#### Exercise:
The expected output is the line with "Then the sheep [319,300,464,429]." followed by every remaining line of the entries, all repeated exactly.
>>>
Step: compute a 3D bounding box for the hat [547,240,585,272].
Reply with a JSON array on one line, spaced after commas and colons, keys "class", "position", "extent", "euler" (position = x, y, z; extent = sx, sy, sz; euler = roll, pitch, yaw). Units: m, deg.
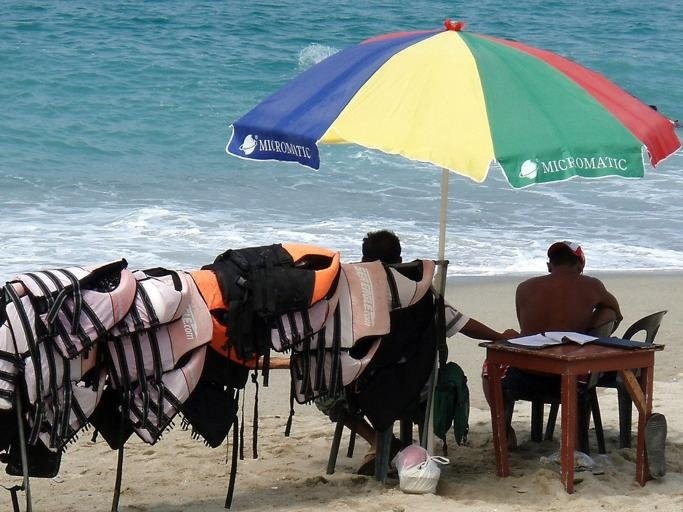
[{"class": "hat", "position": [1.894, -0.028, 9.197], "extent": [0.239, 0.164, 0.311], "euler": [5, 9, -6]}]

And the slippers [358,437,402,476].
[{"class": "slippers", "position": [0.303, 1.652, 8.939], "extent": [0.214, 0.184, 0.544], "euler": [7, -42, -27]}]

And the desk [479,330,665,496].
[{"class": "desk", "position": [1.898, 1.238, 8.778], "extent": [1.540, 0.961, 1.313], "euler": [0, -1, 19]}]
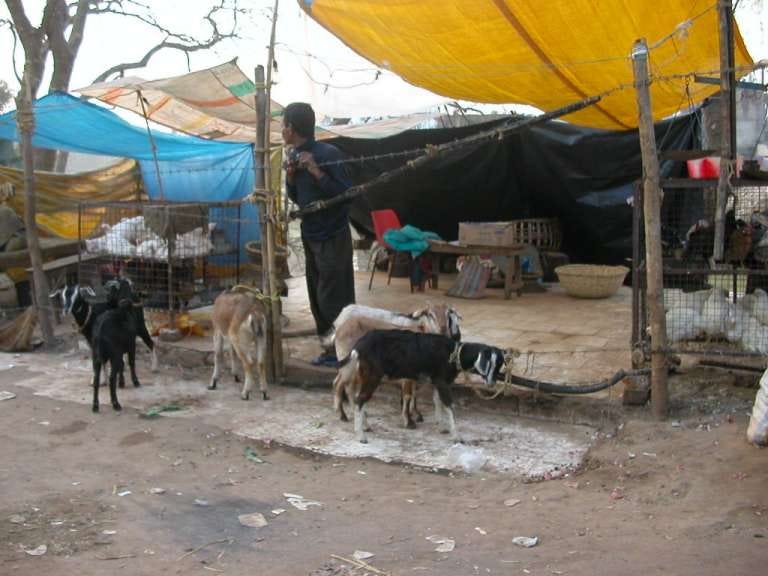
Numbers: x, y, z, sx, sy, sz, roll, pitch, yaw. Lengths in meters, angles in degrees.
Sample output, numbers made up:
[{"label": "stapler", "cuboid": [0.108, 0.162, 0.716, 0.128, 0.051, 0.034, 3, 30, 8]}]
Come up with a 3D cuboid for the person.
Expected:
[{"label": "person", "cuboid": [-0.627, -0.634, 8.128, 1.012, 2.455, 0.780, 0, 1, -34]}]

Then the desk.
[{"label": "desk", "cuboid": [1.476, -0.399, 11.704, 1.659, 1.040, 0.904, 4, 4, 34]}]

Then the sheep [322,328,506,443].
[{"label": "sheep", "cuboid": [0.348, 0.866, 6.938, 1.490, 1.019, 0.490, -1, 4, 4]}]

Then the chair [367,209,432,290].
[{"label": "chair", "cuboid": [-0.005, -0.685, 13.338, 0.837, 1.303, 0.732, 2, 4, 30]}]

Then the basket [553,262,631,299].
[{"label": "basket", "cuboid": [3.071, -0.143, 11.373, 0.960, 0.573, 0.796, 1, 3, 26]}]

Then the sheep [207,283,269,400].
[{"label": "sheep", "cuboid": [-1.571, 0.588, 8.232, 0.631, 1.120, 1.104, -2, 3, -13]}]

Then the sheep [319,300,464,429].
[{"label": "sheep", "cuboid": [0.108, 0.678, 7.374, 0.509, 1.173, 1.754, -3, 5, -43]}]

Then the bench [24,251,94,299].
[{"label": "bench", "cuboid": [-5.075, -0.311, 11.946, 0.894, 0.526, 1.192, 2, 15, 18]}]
<<<
#### Solution to the exercise:
Then the sheep [319,300,464,429].
[{"label": "sheep", "cuboid": [0.108, 0.678, 7.374, 0.509, 1.173, 1.754, -3, 5, -43]}]

Then the bench [24,251,94,299].
[{"label": "bench", "cuboid": [-5.075, -0.311, 11.946, 0.894, 0.526, 1.192, 2, 15, 18]}]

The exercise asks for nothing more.